1. Variable Cost – varies proportionately in total but remains constant on a per unit
basis.
a. True variable costs – proportionately variable (ex. Raw material) amount
used directly increases as production increases by the same percentage.

b. Step variable costs – costs obtainable in large segments (ex. Labor costs of
maintenance workers) and that increase or decrease in response to fairly
wide changes in activity levels.

NOTE: these costs are constant for a certain activity level (relevant range)
and then vary in a step like fashion as volume increases.

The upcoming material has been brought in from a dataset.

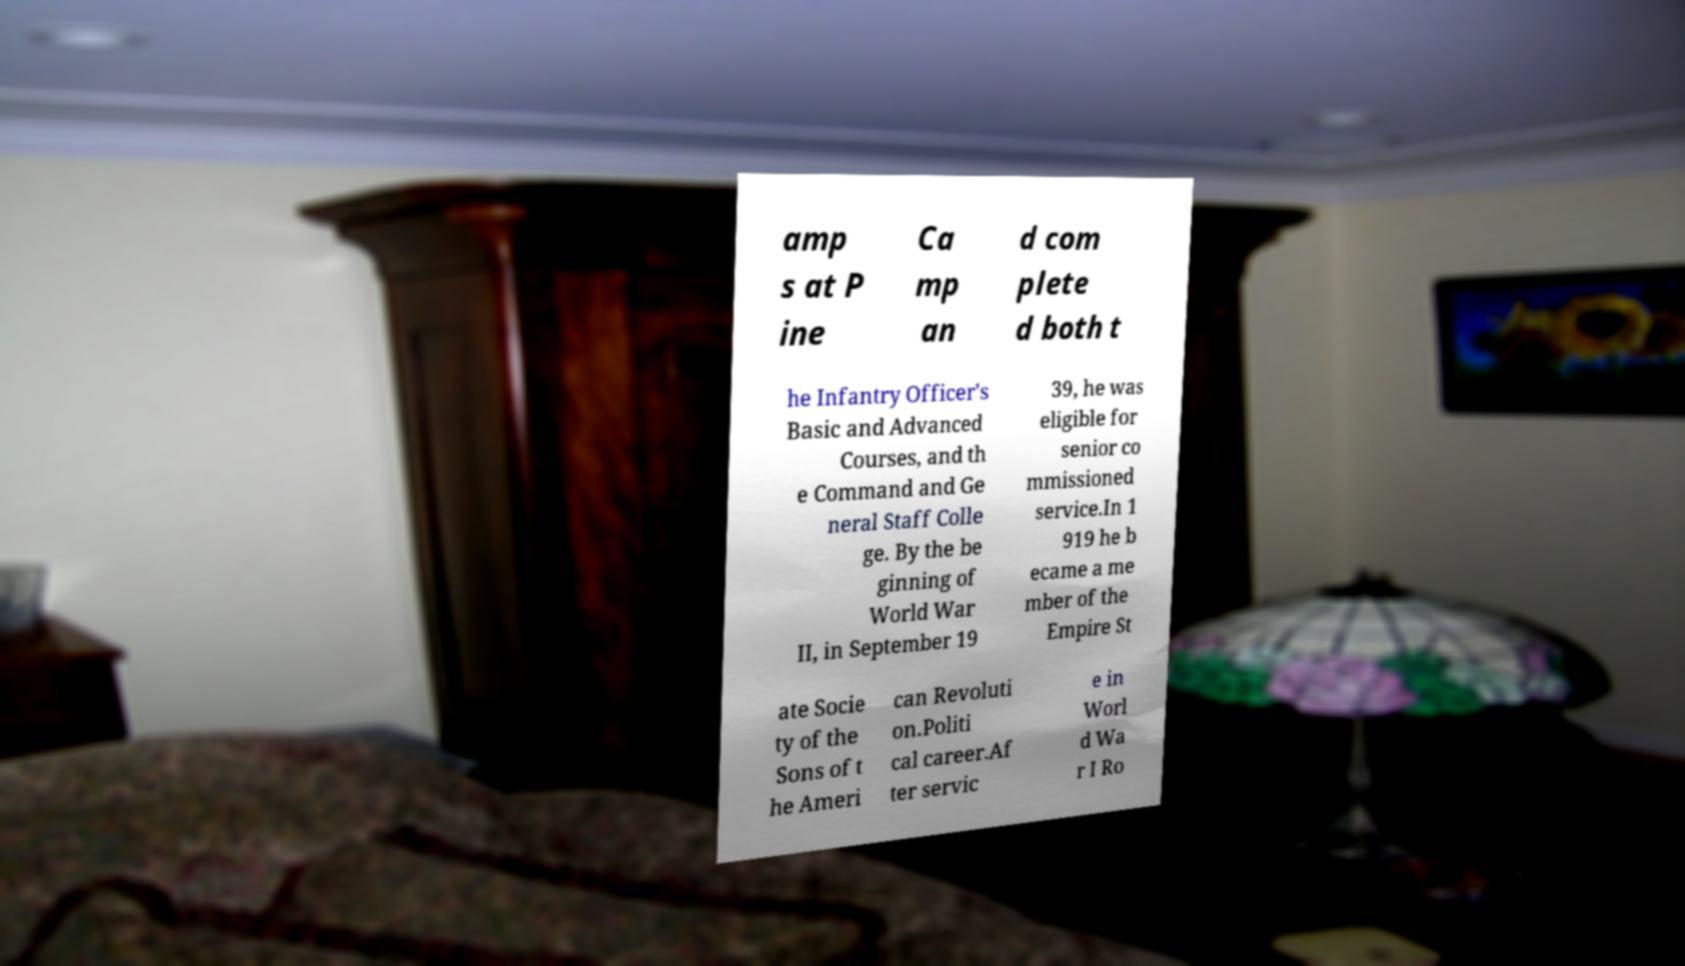Can you accurately transcribe the text from the provided image for me? amp s at P ine Ca mp an d com plete d both t he Infantry Officer's Basic and Advanced Courses, and th e Command and Ge neral Staff Colle ge. By the be ginning of World War II, in September 19 39, he was eligible for senior co mmissioned service.In 1 919 he b ecame a me mber of the Empire St ate Socie ty of the Sons of t he Ameri can Revoluti on.Politi cal career.Af ter servic e in Worl d Wa r I Ro

2. Fixed Costs – remain constant in total but vary inversely on a per unit basis (if
production increases, then per unit cost decreases; if production decreases, then
per unit cost increases)

a. Committed fixed costs – relate to the investment in plant, equipment and


the basic organizational structure of the firm (ex. Depreciation of building
and equipment, real estate taxes, insurance, management salaries, etc.)
- are long term in nature
- cannot be reduced immediately over a short period of time
without seriously impairing either the profitability or the long run
goals of a firm.

b. Discretionary Fixed Costs (Managed Fixed Costs)


- arise form annual decisions by management to spend in certain
fixed costs areas (ex. Advertising, research, management
development programs)
- short term in nature, usually a single year
- possible to cut back on certain costs for short periods of time
with minimum disruptions to long term goals.

c. Semi variable or Mixed Costs – contains both variable and fixed costs
elements
- at certain levels of activity mixed costs display the same
characteristics as a fixed cost
- at certain levels they display same characteristic as a variable
cost
- (examples: electricity, heat, telephone, maintenance, car rental,
copy machine rental)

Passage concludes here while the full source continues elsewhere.